Le barriere all’entrata si distinguono in:

a) Barriere tecnologiche: 1. le economie di scala, derivanti dalle dimensioni (il costo unitario diminuisce con

l’aumentare delle dimensioni dell’azienda). 2. vantaggi di costo (l’esperienza derivante dall’aver operato in un mercato già da tempo

permette di ridurre alcuni costi rispetto ai nuovi che non hanno pratica). b) Barriere legali (brevetti, concessioni e diritti di esclusiva); vi rientrano anche le barriere

internazionali: si tratta delle eventuali restrizioni imposte contro la concorrenza internazionale (dazi, quote, tariffe, autorizzazioni).

c) Barriere finanziarie: - l’accesso al credito bancario ed al mercato dei capitali è meno costoso per chi è già noto rispetto ai nuovi entranti; - spese per la pubblicità e per il marketing (sono nuove spese più gravose per chi entra: chi è già sul mercato le sostiene in misura ridotta); - spese per ricerca e sviluppo di nuovi prodotti (quelle sostenute in passato dalle imprese operanti hanno ridotto i costi unitari; per le imprese nuove sono spese che aumentano i costi unitari).

Esistono anche barriere all’uscita di un’azienda da un mercato, che possono ostacolare l’entrata di nuove imprese, per il timore di dover sostenere costi eccessivi nel caso di abbandono di un mercato:

a) i costi di liquidazione di un’azienda: quando un’azienda esce dal mercato deve sostenere costi aggiuntivi per il personale e per chiudere i contratti con i fornitori ed i canoni di locazione.

b) Le perdite di reputazione e di avviamento; inoltre le spese per continuare la manutenzione e la fornitura dei ricambi dei prodotti già venduti ai consumatori.

c) I c.d. sunk costs (costi non recuperabili all’uscita) sono alcuni costi che non possono essere recuperati al momento della cessione o della liquidazione dell’azienda. Alcuni esempi. Le spese già effettuate per pubblicità, marketing e ricerca, che non possono essere trasferite ad altra produzione. Le spese per capitali che sono specifici di un’attività produttiva e non possono essere destinati ad altra attività e quindi vanno perdute al cessare della produzione.

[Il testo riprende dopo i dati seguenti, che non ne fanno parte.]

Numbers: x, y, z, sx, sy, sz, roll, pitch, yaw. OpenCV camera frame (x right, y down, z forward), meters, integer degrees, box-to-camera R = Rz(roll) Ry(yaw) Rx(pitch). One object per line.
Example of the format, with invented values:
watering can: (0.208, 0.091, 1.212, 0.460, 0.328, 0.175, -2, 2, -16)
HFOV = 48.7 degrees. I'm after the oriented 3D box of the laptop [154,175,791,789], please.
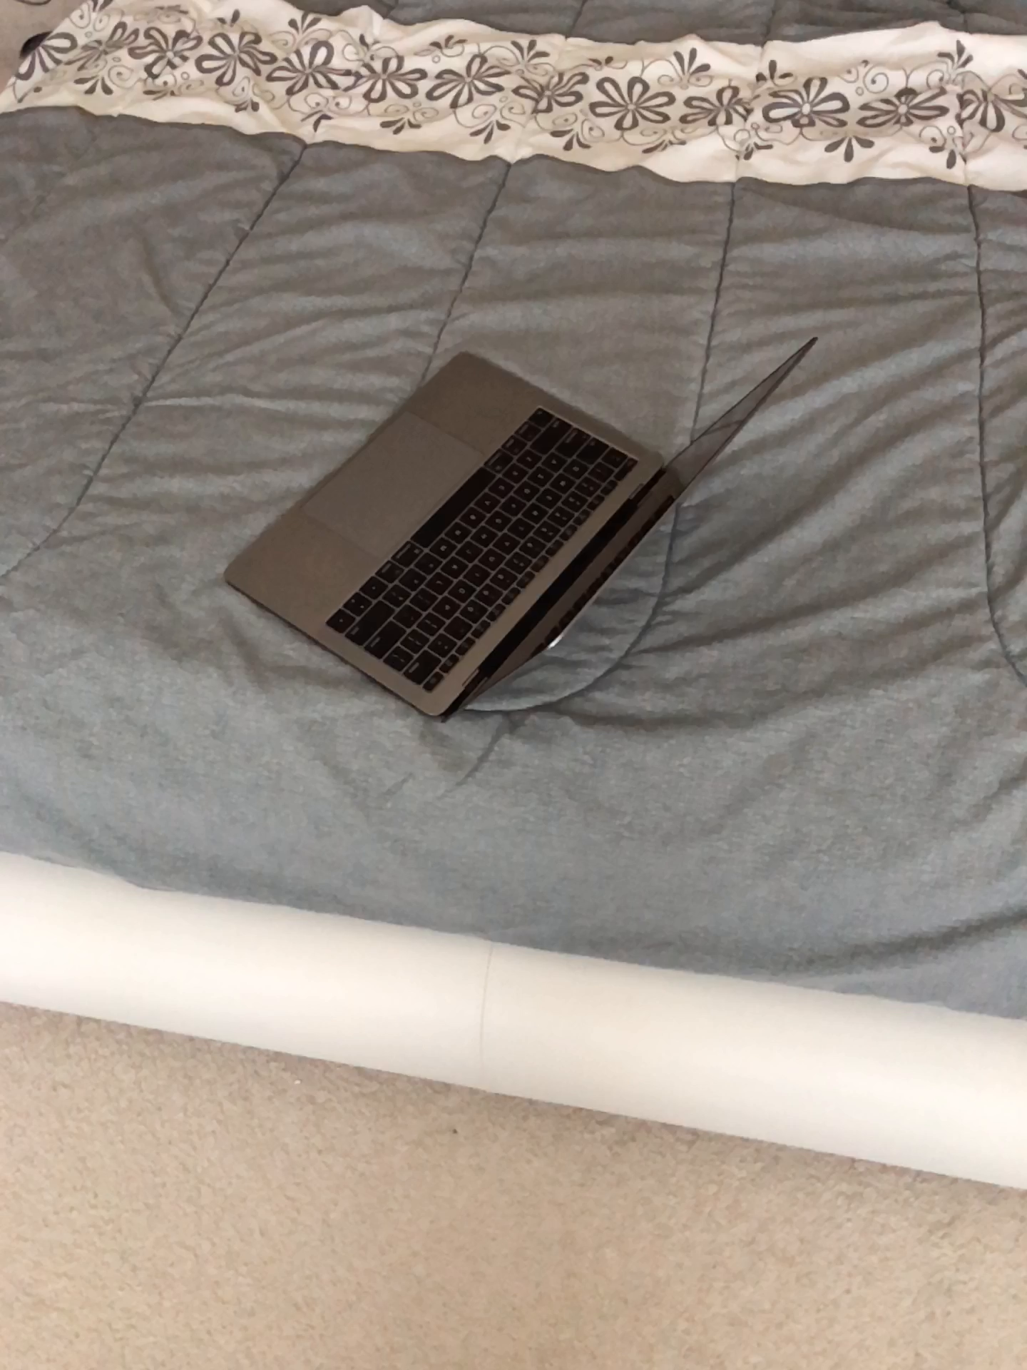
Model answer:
laptop: (-0.017, -0.147, 0.763, 0.281, 0.159, 0.280, 32, 64, 19)

Così la creazione di un nuovo marchio o di un’immagine dell’azienda possono richiedere costi elevati. Per alcune imprese i costi di uscita sono elevati. L’uscita dal mercato comporta una perdita definitiva di questi costi.

A proposito dei sunk costs si richiama il concetto della c. d. asset specificity la quale si riferisce (v. MODULO I) alle difficoltà che si possono trovare nel trasferire assets destinati ad un utilizzo specifico ad altri utilizzi. Gli assets,intendendo con questo termine il capitale fisico, finanziario, umano ed immateriale, sono spesso unici e non riproducibili. La specificità, valutabile in diversi gradi, indica la destinazione di una risorsa ad un uso esclusivo non sostituibile facilmente o assolutamente insostituibile e quindi difficile o impossibile da cedere nel mercato. Gli assets ad alta specificità sono sunk costs, perché non è possibile destinarli ad altri impieghi e vengono perduti con l’estinzione di un’azienda. La specificità dipende da:

1 localizzazione di un impianto, di un immobile, di un punto vendita ed impossibilità fisica di trasferirlo;

2 caratteristiche fisiche specifiche di un bene non standardizzato, ma costruito per finalità particolari e destinato ad un impiego esclusivo che non ha possibili alternative;

3 caratteristiche e preparazione professionali specifiche del fattore umano (lavoratori ed amministratori specializzati e con lunga esperienza);

4 marchi di prodotti e brevetti.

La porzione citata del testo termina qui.